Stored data
* * * * * * * * *
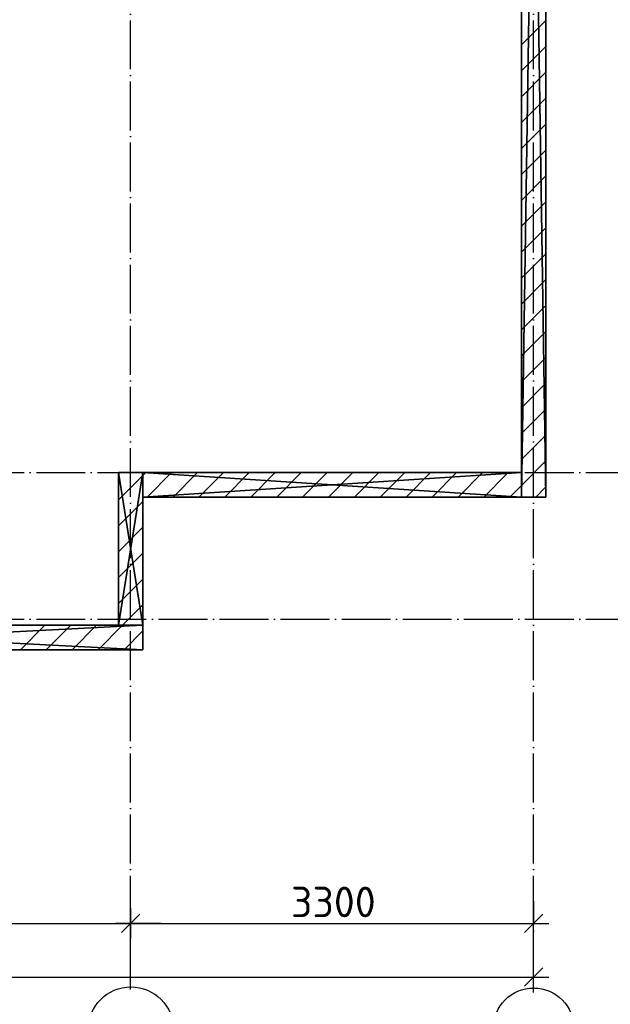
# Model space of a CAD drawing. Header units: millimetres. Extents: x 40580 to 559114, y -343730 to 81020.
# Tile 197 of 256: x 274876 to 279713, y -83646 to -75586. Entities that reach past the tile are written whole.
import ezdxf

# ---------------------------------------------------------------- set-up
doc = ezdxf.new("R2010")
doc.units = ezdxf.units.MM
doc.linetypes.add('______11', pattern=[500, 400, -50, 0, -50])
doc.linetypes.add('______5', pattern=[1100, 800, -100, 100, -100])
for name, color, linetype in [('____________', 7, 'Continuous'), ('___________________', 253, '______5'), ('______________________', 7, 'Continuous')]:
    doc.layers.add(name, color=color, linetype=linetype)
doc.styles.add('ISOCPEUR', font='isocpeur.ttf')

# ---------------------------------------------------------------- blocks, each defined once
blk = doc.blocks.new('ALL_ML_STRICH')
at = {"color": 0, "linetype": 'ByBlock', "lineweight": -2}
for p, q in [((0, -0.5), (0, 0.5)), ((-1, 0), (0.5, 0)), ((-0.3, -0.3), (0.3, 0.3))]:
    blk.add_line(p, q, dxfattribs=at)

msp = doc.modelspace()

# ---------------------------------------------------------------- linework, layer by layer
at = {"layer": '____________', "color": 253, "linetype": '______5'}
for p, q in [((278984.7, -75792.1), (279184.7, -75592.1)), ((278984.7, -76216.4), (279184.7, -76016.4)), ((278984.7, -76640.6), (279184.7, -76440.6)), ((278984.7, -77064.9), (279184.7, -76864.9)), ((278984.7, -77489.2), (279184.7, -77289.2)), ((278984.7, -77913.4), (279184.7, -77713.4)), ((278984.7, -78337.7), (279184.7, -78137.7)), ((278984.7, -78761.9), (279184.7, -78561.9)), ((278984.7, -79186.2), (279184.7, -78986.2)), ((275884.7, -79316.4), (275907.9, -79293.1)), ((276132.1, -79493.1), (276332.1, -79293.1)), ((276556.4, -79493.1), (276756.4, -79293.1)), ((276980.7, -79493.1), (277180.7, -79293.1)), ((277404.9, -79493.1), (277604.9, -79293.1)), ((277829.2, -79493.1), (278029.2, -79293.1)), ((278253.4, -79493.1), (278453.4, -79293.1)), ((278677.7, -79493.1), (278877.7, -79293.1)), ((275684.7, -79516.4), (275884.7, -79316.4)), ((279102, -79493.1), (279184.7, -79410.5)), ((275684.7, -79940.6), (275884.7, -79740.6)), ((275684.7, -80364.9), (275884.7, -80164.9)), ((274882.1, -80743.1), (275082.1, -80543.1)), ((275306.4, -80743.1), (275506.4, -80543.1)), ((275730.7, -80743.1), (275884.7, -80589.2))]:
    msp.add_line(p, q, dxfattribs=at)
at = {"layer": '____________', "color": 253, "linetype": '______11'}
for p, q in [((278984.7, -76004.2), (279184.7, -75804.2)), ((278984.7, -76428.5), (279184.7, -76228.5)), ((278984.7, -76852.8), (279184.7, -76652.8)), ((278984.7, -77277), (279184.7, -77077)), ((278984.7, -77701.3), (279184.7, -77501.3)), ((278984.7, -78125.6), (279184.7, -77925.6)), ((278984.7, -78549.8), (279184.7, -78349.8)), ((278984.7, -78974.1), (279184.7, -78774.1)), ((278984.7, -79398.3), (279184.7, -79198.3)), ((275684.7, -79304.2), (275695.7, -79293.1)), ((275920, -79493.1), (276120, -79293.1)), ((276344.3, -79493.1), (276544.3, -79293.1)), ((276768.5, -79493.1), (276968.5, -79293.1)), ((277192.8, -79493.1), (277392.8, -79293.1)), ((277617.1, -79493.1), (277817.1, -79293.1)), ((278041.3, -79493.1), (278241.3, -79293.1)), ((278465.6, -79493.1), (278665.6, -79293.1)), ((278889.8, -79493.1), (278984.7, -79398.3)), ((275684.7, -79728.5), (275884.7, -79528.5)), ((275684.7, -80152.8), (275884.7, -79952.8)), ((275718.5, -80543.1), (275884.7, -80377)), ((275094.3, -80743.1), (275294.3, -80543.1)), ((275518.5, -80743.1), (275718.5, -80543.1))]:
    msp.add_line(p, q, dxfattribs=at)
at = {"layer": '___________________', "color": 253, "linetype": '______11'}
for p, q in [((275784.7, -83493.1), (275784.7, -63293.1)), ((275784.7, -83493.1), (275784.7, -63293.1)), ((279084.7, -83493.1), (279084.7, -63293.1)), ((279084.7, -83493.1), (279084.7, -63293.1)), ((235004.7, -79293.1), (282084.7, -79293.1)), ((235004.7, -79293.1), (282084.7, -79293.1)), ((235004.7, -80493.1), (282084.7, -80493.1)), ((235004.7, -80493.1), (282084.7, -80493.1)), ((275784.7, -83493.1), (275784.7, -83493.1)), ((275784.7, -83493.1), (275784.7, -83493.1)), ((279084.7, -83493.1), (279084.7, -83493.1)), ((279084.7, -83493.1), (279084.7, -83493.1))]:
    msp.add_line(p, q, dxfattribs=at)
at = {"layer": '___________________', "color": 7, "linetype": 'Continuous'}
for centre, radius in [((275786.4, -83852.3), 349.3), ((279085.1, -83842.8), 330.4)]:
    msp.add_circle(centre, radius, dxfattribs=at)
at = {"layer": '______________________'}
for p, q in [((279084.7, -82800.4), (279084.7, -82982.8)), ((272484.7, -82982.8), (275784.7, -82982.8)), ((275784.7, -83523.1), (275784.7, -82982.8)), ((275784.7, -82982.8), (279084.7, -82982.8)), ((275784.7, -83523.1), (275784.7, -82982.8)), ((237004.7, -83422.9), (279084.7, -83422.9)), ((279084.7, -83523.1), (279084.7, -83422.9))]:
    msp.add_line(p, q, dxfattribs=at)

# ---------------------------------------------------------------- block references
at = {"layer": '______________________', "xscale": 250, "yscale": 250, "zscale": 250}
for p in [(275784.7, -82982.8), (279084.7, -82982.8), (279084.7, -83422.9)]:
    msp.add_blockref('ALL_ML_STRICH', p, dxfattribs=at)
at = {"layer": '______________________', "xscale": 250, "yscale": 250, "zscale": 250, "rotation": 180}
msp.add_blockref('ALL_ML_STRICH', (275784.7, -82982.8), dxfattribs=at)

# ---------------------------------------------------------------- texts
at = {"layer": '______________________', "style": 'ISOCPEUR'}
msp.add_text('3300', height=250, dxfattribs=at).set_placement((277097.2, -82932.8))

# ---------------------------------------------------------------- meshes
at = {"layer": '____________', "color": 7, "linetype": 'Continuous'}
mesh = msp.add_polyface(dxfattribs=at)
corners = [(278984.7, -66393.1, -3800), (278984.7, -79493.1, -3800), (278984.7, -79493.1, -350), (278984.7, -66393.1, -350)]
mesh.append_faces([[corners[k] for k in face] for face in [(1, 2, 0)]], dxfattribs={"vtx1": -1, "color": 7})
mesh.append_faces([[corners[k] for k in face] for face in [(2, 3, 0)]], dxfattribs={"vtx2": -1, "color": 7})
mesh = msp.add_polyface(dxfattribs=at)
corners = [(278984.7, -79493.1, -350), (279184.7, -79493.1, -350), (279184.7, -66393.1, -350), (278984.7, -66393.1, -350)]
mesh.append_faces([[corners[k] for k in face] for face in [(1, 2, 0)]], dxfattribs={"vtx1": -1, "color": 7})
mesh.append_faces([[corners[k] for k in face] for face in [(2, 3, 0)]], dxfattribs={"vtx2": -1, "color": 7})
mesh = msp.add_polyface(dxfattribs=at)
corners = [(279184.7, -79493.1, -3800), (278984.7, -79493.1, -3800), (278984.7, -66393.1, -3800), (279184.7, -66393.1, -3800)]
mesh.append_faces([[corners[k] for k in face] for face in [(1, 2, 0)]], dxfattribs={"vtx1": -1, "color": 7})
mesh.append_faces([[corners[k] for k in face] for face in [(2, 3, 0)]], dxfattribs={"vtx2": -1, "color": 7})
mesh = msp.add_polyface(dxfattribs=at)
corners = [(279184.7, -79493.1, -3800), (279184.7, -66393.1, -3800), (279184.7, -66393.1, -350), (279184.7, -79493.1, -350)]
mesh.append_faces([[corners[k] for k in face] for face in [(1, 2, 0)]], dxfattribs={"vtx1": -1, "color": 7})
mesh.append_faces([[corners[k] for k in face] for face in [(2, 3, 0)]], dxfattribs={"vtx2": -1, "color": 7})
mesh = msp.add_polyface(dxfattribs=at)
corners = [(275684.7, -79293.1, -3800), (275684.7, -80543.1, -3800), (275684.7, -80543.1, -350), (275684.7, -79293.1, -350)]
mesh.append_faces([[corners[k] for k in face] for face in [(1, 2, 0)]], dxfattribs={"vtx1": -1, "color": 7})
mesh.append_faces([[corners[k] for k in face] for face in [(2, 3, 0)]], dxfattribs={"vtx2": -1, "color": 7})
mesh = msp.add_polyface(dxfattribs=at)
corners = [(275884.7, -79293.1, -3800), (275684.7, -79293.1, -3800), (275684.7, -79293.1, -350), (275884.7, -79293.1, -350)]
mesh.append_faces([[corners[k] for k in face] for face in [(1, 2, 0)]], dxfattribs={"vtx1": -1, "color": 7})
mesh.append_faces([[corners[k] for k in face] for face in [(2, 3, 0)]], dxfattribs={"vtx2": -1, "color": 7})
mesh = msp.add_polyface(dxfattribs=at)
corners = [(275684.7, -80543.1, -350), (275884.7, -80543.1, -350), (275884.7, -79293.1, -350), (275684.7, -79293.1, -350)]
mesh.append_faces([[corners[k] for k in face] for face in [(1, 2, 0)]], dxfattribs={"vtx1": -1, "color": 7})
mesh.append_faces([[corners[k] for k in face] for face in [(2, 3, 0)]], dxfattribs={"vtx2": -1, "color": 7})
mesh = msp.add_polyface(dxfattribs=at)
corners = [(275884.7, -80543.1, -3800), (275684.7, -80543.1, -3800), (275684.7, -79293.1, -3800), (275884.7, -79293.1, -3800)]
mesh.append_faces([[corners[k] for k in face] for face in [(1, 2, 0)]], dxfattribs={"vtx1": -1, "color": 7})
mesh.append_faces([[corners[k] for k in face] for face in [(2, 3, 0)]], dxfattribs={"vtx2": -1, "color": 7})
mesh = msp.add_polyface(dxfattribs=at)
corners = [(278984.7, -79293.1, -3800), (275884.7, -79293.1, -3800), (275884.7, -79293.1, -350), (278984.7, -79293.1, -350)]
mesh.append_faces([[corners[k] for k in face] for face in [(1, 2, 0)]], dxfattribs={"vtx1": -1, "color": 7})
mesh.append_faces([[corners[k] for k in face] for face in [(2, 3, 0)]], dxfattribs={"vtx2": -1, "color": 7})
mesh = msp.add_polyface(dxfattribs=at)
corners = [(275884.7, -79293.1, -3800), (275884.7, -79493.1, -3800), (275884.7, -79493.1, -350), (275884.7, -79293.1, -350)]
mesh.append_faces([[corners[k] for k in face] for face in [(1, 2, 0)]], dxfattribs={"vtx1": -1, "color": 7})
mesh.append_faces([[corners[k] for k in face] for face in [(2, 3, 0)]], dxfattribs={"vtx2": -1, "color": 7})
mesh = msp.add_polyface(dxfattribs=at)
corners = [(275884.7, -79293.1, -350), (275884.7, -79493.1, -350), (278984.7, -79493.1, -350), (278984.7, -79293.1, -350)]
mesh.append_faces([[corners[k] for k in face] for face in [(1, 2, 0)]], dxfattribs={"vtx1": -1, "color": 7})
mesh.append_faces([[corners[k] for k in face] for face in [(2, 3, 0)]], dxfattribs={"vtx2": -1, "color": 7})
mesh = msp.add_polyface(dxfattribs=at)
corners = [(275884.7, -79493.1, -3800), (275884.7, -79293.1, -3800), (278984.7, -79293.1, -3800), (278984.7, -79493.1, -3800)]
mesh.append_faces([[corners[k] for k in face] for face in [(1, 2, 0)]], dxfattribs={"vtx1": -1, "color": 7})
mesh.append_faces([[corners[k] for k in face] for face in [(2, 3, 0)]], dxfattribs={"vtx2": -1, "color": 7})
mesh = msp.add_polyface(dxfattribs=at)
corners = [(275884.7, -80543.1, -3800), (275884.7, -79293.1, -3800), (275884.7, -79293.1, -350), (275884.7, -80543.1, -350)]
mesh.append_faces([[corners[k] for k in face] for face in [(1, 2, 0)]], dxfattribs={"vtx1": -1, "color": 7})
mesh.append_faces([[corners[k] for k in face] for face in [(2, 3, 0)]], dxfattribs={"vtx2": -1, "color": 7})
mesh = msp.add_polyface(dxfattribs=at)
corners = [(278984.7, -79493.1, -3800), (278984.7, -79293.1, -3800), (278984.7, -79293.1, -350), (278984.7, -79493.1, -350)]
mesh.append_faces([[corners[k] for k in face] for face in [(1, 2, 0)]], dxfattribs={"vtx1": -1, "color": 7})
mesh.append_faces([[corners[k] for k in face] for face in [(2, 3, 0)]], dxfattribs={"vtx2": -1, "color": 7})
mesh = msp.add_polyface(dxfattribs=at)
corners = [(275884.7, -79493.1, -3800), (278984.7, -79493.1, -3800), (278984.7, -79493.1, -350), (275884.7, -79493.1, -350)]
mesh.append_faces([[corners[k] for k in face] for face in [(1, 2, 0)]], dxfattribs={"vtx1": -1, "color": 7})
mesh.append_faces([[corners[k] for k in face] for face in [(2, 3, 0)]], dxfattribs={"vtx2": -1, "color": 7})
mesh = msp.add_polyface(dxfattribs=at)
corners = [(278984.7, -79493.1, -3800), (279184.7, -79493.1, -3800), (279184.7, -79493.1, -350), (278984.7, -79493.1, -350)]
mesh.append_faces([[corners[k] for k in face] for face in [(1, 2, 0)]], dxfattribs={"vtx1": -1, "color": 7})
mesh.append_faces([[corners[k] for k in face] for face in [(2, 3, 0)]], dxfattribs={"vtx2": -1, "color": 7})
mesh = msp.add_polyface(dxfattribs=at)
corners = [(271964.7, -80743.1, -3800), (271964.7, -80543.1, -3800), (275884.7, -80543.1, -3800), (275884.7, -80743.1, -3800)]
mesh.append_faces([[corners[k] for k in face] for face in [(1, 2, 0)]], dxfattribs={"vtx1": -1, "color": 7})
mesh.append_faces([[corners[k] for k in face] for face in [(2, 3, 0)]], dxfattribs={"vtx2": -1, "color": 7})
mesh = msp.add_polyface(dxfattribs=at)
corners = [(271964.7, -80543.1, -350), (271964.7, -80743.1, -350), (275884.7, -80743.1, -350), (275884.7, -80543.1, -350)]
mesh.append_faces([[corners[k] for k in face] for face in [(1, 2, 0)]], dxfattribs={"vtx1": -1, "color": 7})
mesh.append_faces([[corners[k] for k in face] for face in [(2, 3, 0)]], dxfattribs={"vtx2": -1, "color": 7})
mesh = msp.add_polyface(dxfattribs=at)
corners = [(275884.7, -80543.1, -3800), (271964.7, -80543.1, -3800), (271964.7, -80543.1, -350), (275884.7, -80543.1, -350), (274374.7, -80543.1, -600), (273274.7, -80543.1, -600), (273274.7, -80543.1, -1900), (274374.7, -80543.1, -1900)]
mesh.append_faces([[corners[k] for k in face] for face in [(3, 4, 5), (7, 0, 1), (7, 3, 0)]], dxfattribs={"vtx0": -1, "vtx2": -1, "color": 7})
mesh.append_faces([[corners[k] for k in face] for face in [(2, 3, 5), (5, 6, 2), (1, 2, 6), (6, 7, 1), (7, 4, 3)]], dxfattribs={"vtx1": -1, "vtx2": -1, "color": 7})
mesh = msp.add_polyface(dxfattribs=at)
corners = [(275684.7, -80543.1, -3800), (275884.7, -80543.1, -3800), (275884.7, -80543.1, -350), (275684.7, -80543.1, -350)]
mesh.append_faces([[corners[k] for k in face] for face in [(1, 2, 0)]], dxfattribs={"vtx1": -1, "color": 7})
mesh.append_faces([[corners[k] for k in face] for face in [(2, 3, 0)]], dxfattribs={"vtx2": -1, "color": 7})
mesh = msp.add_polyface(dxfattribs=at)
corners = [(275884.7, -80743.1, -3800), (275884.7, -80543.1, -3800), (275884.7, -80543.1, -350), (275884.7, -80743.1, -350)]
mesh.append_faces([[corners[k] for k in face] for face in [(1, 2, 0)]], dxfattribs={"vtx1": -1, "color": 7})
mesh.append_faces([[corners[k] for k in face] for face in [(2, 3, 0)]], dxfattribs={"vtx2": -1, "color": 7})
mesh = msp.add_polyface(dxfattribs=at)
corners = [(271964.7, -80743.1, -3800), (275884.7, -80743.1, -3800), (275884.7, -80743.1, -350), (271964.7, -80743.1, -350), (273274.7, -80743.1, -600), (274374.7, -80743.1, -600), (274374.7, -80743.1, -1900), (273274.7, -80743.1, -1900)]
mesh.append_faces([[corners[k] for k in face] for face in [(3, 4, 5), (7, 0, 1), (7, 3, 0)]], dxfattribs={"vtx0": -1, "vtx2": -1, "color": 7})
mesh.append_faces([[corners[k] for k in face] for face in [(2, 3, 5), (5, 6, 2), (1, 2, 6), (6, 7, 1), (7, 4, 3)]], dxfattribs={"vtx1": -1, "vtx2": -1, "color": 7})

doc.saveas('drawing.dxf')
* * * * * * * * *
* _PROBLEM STATEMENT_:
Search the entries for "ISOCPEUR" and copy out each line that has it.

* _ANSWER SPACE_:
doc.styles.add('ISOCPEUR', font='isocpeur.ttf')
at = {"layer": '______________________', "style": 'ISOCPEUR'}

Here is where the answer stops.